Tabula Rasa

For months I helplessly faced some sort of strange "caching" issue I had with my Elixir/SQLAlchemy duo. It seems I have solved it - finally!

Deployment Background

Since I have deployed two of my sites through the great mod_wsgi Apache module, each application is loaded and served by multiple Python interpreter instances (I will use this term since this can mean both processes or threads).

Problem Appearance

When changes to the database's contents occur on a site, e.g. by inserting or updating a news post, only a few or even just one of the interpreter instances for the corresponding application seem to take note. Re-requesting an affected resource multiple times from the server yields different results, with some showing the old and others showing the new data. Reloading Apache and therefor restarting the whole application fixes this - until the next change in data.

SQLAlchemy Background

SQLAlchemy provides a Session that, among other things, implements an Identity Map, meaning it holds one unique copy of each object requested from the database.

The crucial point I wasn't aware of is that the Identity Map is not dropped or refreshed on each HTTP request to the application. Thus, when one interpreter instance, the one which flush()ed the change in data, updates its "cache" (which actually is not really a cache, since queries are executed anyway - as I read on a mailing list - to be able to compare both results for equality and update if necessary), the others won't get notified of this and keep serving the old data. And since there is no reset between requests, the described behaviour occurs.

Remedy

Somewhat accidently I stumpled upon a section in the SQLAlchemy docs called Lifespan of a Contextual Session. It provides a clear visualization of what there is to be done: Session.remove() should be called by the framework at the end of the request, before the response is sent.

Well, ok. A short moment of thinking reveals to me that my own custom framework, Upraise, has no implementation of database- and therefor SQLAlchemy-specific glue code (and it shouldn't have in the core, as I think). Anyway, should be easy to add that to the actual application. A warm feeling of forthcoming relief surrounded me.
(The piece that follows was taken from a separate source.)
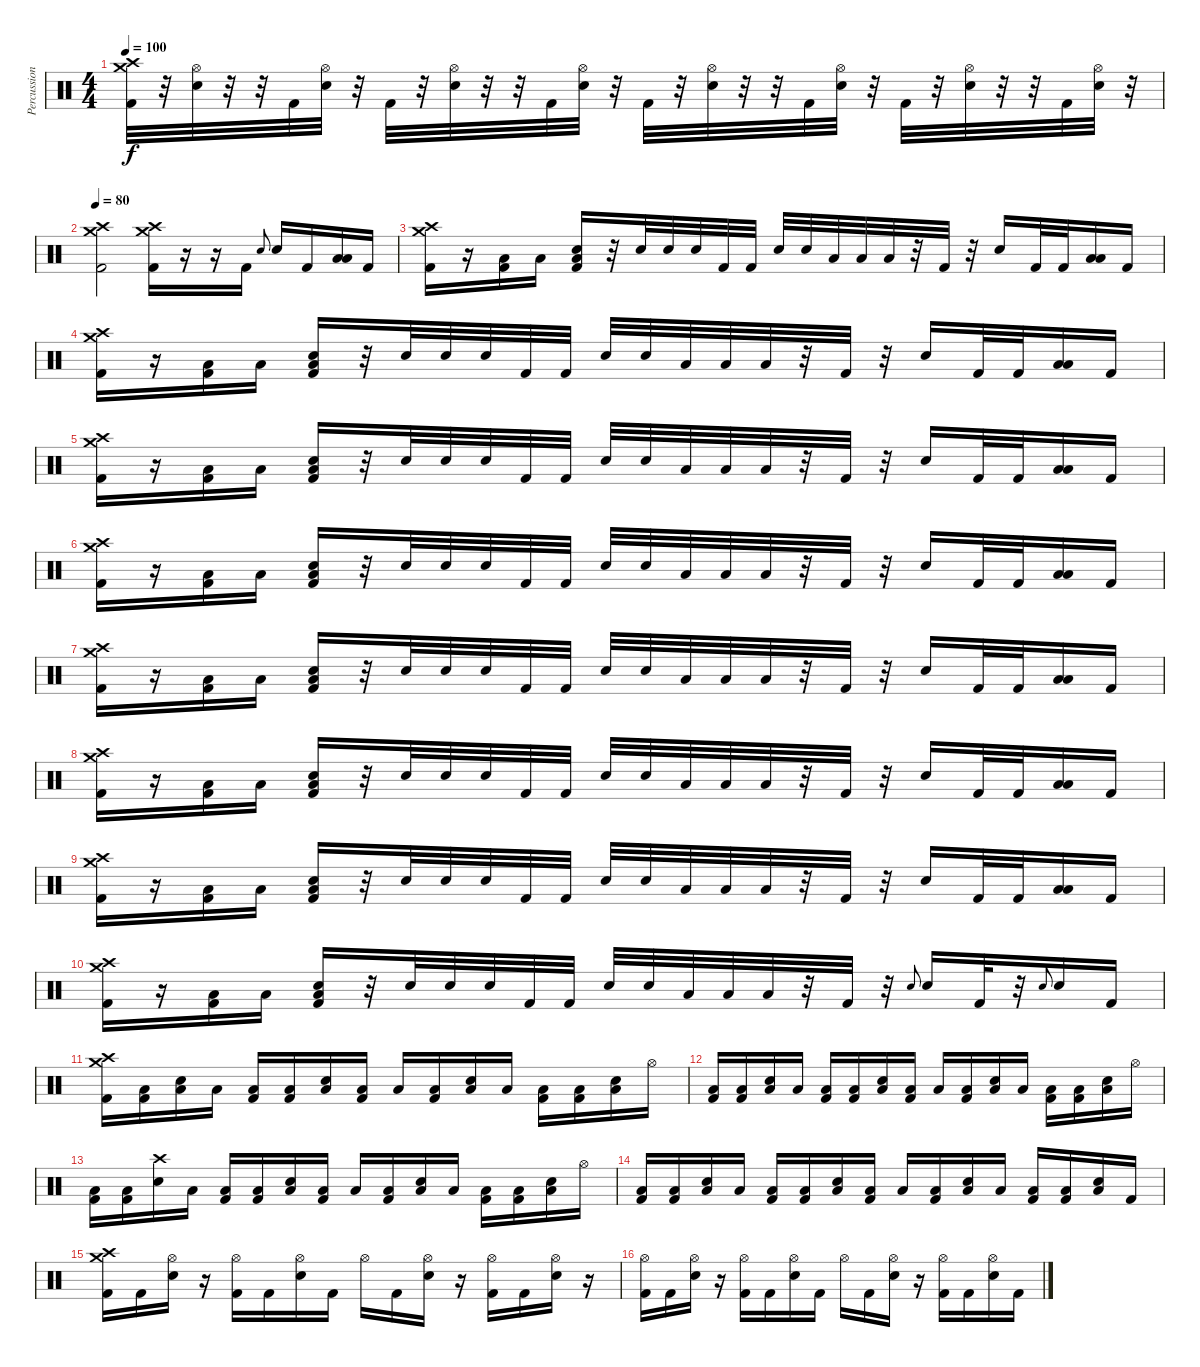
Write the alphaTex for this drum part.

When talking to Marek earlier this day about my long-standing, to-be traumatic, mysterious "caching" nightmare, he suggested implementing the method call as WSGI middleware. Then followed a nearly mandatory discussion about PJE's article WSGI Middleware Considered Harmful.
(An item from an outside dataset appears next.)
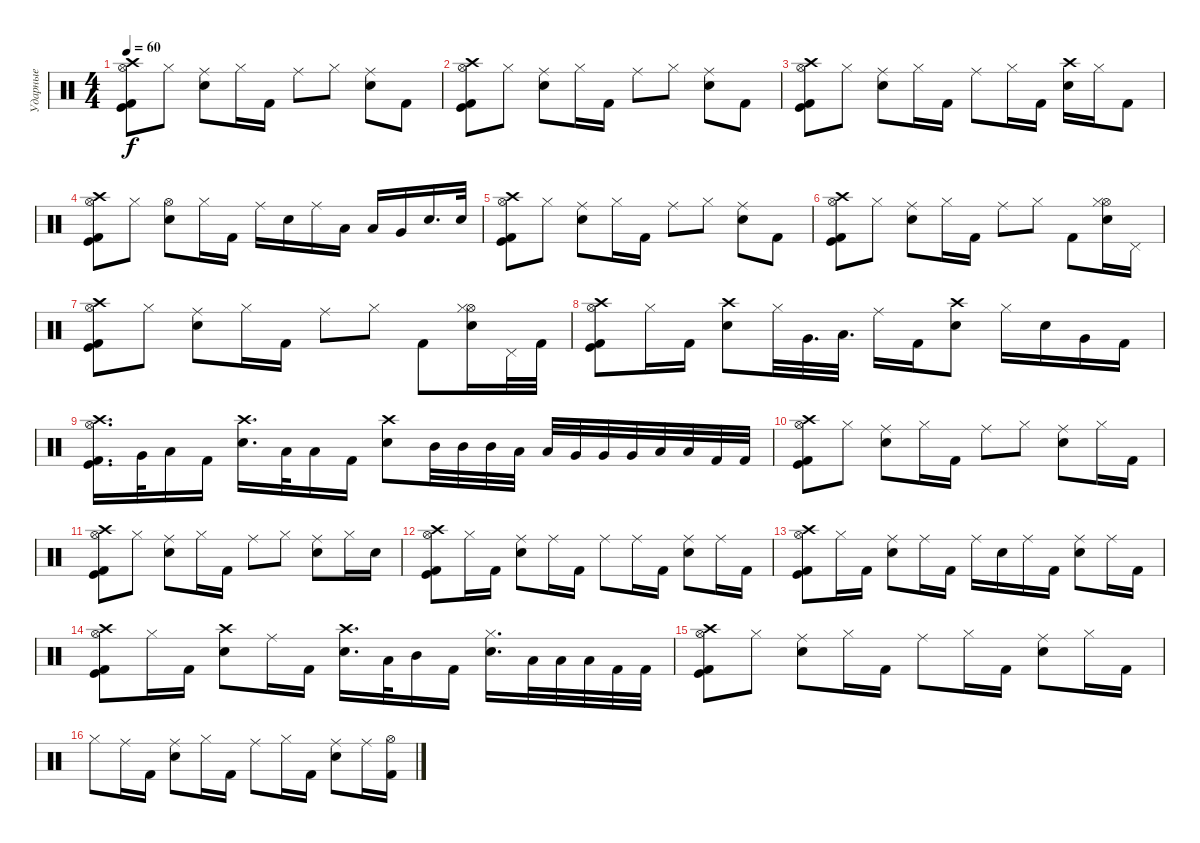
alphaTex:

Since I use some kind of abort() exits inside my application (especially, but not only in the controllers, or views as they are sometimes calld), adding Session.remove() to my application's __call__ method wouldn't help me here. The middleware idea seems to fit best:

# Get the `session` object (the model is based upon Elixir).
from myapp import model

class DatabaseSessionRemoveMiddleware(object):

    def __init__(self, app):
        self.app = app

    def __call__(self, environ, start_response):
        result = self.app(environ, start_response)
        model.session.remove()
        return result

# Sliding the middleware into the WSGI stack is simple.
app = MyApp()
app = DatabaseSessionRemoveMiddleware(app)
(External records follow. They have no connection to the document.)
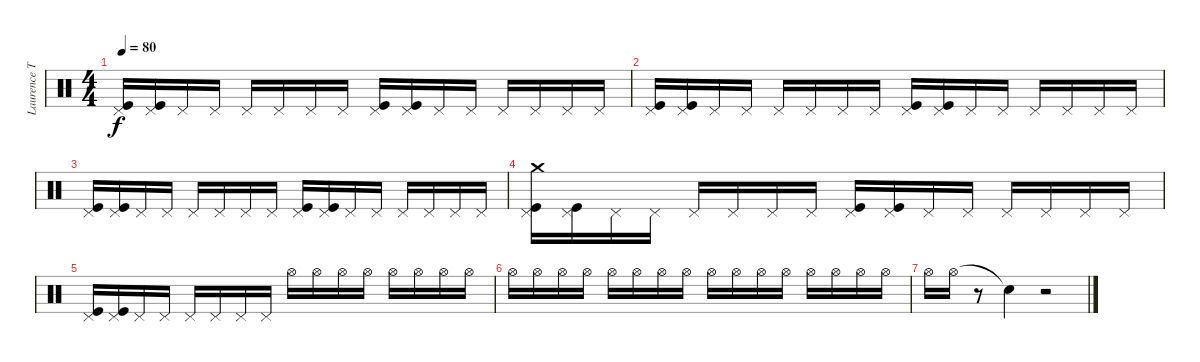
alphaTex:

\track ("Laurence Tolhurst (drums)" "Laurence T") {instrument percussion}
\staff {score}
\articulation defaults
\ts (4 4)
\tempo 80
\clef neutral
\ks c
("Pedal Hi-Hat (hit)" "Kick (hit)").16{dy f} ("Pedal Hi-Hat (hit)" "Kick (hit)").16 "Pedal Hi-Hat (hit)".16 "Pedal Hi-Hat (hit)".16 "Pedal Hi-Hat (hit)".16 "Pedal Hi-Hat (hit)".16 "Pedal Hi-Hat (hit)".16 "Pedal Hi-Hat (hit)".16 ("Pedal Hi-Hat (hit)" "Kick (hit)").16 ("Pedal Hi-Hat (hit)" "Kick (hit)").16 "Pedal Hi-Hat (hit)".16 "Pedal Hi-Hat (hit)".16 "Pedal Hi-Hat (hit)".16 "Pedal Hi-Hat (hit)".16 "Pedal Hi-Hat (hit)".16 "Pedal Hi-Hat (hit)".16 |
("Pedal Hi-Hat (hit)" "Kick (hit)").16 ("Pedal Hi-Hat (hit)" "Kick (hit)").16 "Pedal Hi-Hat (hit)".16 "Pedal Hi-Hat (hit)".16 "Pedal Hi-Hat (hit)".16 "Pedal Hi-Hat (hit)".16 "Pedal Hi-Hat (hit)".16 "Pedal Hi-Hat (hit)".16 ("Pedal Hi-Hat (hit)" "Kick (hit)").16 ("Pedal Hi-Hat (hit)" "Kick (hit)").16 "Pedal Hi-Hat (hit)".16 "Pedal Hi-Hat (hit)".16 "Pedal Hi-Hat (hit)".16 "Pedal Hi-Hat (hit)".16 "Pedal Hi-Hat (hit)".16 "Pedal Hi-Hat (hit)".16 |
("Pedal Hi-Hat (hit)" "Kick (hit)").16 ("Pedal Hi-Hat (hit)" "Kick (hit)").16 "Pedal Hi-Hat (hit)".16 "Pedal Hi-Hat (hit)".16 "Pedal Hi-Hat (hit)".16 "Pedal Hi-Hat (hit)".16 "Pedal Hi-Hat (hit)".16 "Pedal Hi-Hat (hit)".16 ("Pedal Hi-Hat (hit)" "Kick (hit)").16 ("Pedal Hi-Hat (hit)" "Kick (hit)").16 "Pedal Hi-Hat (hit)".16 "Pedal Hi-Hat (hit)".16 "Pedal Hi-Hat (hit)".16 "Pedal Hi-Hat (hit)".16 "Pedal Hi-Hat (hit)".16 "Pedal Hi-Hat (hit)".16 |
("Pedal Hi-Hat (hit)" "Kick (hit)" "Crash medium (hit)").16 ("Pedal Hi-Hat (hit)" "Kick (hit)").16 "Pedal Hi-Hat (hit)".16 "Pedal Hi-Hat (hit)".16 "Pedal Hi-Hat (hit)".16 "Pedal Hi-Hat (hit)".16 "Pedal Hi-Hat (hit)".16 "Pedal Hi-Hat (hit)".16 ("Pedal Hi-Hat (hit)" "Kick (hit)").16 ("Pedal Hi-Hat (hit)" "Kick (hit)").16 "Pedal Hi-Hat (hit)".16 "Pedal Hi-Hat (hit)".16 "Pedal Hi-Hat (hit)".16 "Pedal Hi-Hat (hit)".16 "Pedal Hi-Hat (hit)".16 "Pedal Hi-Hat (hit)".16 |
("Pedal Hi-Hat (hit)" "Kick (hit)").16 ("Pedal Hi-Hat (hit)" "Kick (hit)").16 "Pedal Hi-Hat (hit)".16 "Pedal Hi-Hat (hit)".16 "Pedal Hi-Hat (hit)".16 "Pedal Hi-Hat (hit)".16 "Pedal Hi-Hat (hit)".16 "Pedal Hi-Hat (hit)".16 "Hi-Hat (open)".16 "Hi-Hat (open)".16 "Hi-Hat (open)".16 "Hi-Hat (open)".16 "Hi-Hat (open)".16 "Hi-Hat (open)".16 "Hi-Hat (open)".16 "Hi-Hat (open)".16 |
"Hi-Hat (open)".16 "Hi-Hat (open)".16 "Hi-Hat (open)".16 "Hi-Hat (open)".16 "Hi-Hat (open)".16 "Hi-Hat (open)".16 "Hi-Hat (open)".16 "Hi-Hat (open)".16 "Hi-Hat (open)".16 "Hi-Hat (open)".16 "Hi-Hat (open)".16 "Hi-Hat (open)".16 "Hi-Hat (open)".16 "Hi-Hat (open)".16 "Hi-Hat (open)".16 "Hi-Hat (open)".16 |
"Hi-Hat (open)".16 "Hi-Hat (open)".16 r.8 "Snare (hit)"{t}.4 r.2

And what can I say: It seems to work as expected! Hooray!

Update: As SQLAlchemy 0.4 for people in a hurry from the Pylons documentation reminded me, one can make use of the finally statement and avoid the middleware by applying it inside the application's __call__ method:

# Get the ``session`` object (the model is based upon Elixir).
from myapp import model

class MyApp(object):

    # initialization ...

    def __call__(self, environ, start_response):
        try:
            # Call the controller ...
            return result
        finally:
            model.session.remove()

app = MyApp()

Note that the unified try/except/finally statement, as specified in PEP 341, was first introduced in Python 2.5.